▶ **Activity**
Give back all of the data exactly.

[Stored data entries]
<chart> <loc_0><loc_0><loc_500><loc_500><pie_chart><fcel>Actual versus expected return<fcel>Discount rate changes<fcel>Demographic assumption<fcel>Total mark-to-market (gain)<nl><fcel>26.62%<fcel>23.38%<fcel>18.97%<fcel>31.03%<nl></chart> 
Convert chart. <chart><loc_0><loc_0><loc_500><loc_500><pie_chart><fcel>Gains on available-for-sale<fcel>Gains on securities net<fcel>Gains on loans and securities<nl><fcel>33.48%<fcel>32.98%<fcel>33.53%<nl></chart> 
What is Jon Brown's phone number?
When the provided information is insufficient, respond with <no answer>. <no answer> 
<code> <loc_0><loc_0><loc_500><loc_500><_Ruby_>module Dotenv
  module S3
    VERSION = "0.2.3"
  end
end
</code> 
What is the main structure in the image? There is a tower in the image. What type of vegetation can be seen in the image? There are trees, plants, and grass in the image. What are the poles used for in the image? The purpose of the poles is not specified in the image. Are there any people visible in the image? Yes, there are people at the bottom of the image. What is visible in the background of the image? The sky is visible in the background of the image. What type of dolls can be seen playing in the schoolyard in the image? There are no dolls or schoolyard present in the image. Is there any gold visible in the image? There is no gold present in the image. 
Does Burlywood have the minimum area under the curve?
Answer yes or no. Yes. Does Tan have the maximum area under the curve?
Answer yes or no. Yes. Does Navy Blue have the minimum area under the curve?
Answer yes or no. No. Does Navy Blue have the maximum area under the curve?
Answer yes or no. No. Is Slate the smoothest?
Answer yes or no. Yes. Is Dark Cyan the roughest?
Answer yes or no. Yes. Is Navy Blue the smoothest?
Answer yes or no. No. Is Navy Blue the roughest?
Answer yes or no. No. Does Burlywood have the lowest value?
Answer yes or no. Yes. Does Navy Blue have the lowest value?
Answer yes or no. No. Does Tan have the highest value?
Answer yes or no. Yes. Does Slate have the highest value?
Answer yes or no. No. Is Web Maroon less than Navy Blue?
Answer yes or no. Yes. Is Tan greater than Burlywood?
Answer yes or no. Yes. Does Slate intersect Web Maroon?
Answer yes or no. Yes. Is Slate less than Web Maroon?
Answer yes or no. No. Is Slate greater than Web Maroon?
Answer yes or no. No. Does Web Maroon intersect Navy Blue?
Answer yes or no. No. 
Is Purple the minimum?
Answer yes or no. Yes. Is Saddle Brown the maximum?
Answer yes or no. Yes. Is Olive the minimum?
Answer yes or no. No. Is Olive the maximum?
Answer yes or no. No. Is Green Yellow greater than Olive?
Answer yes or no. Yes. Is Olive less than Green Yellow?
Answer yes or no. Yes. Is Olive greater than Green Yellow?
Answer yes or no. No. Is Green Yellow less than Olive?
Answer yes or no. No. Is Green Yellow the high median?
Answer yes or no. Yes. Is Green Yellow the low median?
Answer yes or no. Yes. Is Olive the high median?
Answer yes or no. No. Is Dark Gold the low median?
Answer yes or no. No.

▶ **Solution to the exercise**
<chart> <loc_0><loc_0><loc_500><loc_500><pie_chart><fcel>Actual versus expected return<fcel>Discount rate changes<fcel>Demographic assumption<fcel>Total mark-to-market (gain)<nl><fcel>26.62%<fcel>23.38%<fcel>18.97%<fcel>31.03%<nl></chart> 
Convert chart. <chart><loc_0><loc_0><loc_500><loc_500><pie_chart><fcel>Gains on available-for-sale<fcel>Gains on securities net<fcel>Gains on loans and securities<nl><fcel>33.48%<fcel>32.98%<fcel>33.53%<nl></chart> 
What is Jon Brown's phone number?
When the provided information is insufficient, respond with <no answer>. <no answer> 
<code> <loc_0><loc_0><loc_500><loc_500><_Ruby_>module Dotenv
  module S3
    VERSION = "0.2.3"
  end
end
</code> 
What is the main structure in the image? There is a tower in the image. What type of vegetation can be seen in the image? There are trees, plants, and grass in the image. What are the poles used for in the image? The purpose of the poles is not specified in the image. Are there any people visible in the image? Yes, there are people at the bottom of the image. What is visible in the background of the image? The sky is visible in the background of the image. What type of dolls can be seen playing in the schoolyard in the image? There are no dolls or schoolyard present in the image. Is there any gold visible in the image? There is no gold present in the image. 
Does Burlywood have the minimum area under the curve?
Answer yes or no. Yes. Does Tan have the maximum area under the curve?
Answer yes or no. Yes. Does Navy Blue have the minimum area under the curve?
Answer yes or no. No. Does Navy Blue have the maximum area under the curve?
Answer yes or no. No. Is Slate the smoothest?
Answer yes or no. Yes. Is Dark Cyan the roughest?
Answer yes or no. Yes. Is Navy Blue the smoothest?
Answer yes or no. No. Is Navy Blue the roughest?
Answer yes or no. No. Does Burlywood have the lowest value?
Answer yes or no. Yes. Does Navy Blue have the lowest value?
Answer yes or no. No. Does Tan have the highest value?
Answer yes or no. Yes. Does Slate have the highest value?
Answer yes or no. No. Is Web Maroon less than Navy Blue?
Answer yes or no. Yes. Is Tan greater than Burlywood?
Answer yes or no. Yes. Does Slate intersect Web Maroon?
Answer yes or no. Yes. Is Slate less than Web Maroon?
Answer yes or no. No. Is Slate greater than Web Maroon?
Answer yes or no. No. Does Web Maroon intersect Navy Blue?
Answer yes or no. No. 
Is Purple the minimum?
Answer yes or no. Yes. Is Saddle Brown the maximum?
Answer yes or no. Yes. Is Olive the minimum?
Answer yes or no. No. Is Olive the maximum?
Answer yes or no. No. Is Green Yellow greater than Olive?
Answer yes or no. Yes. Is Olive less than Green Yellow?
Answer yes or no. Yes. Is Olive greater than Green Yellow?
Answer yes or no. No. Is Green Yellow less than Olive?
Answer yes or no. No. Is Green Yellow the high median?
Answer yes or no. Yes. Is Green Yellow the low median?
Answer yes or no. Yes. Is Olive the high median?
Answer yes or no. No. Is Dark Gold the low median?
Answer yes or no. No.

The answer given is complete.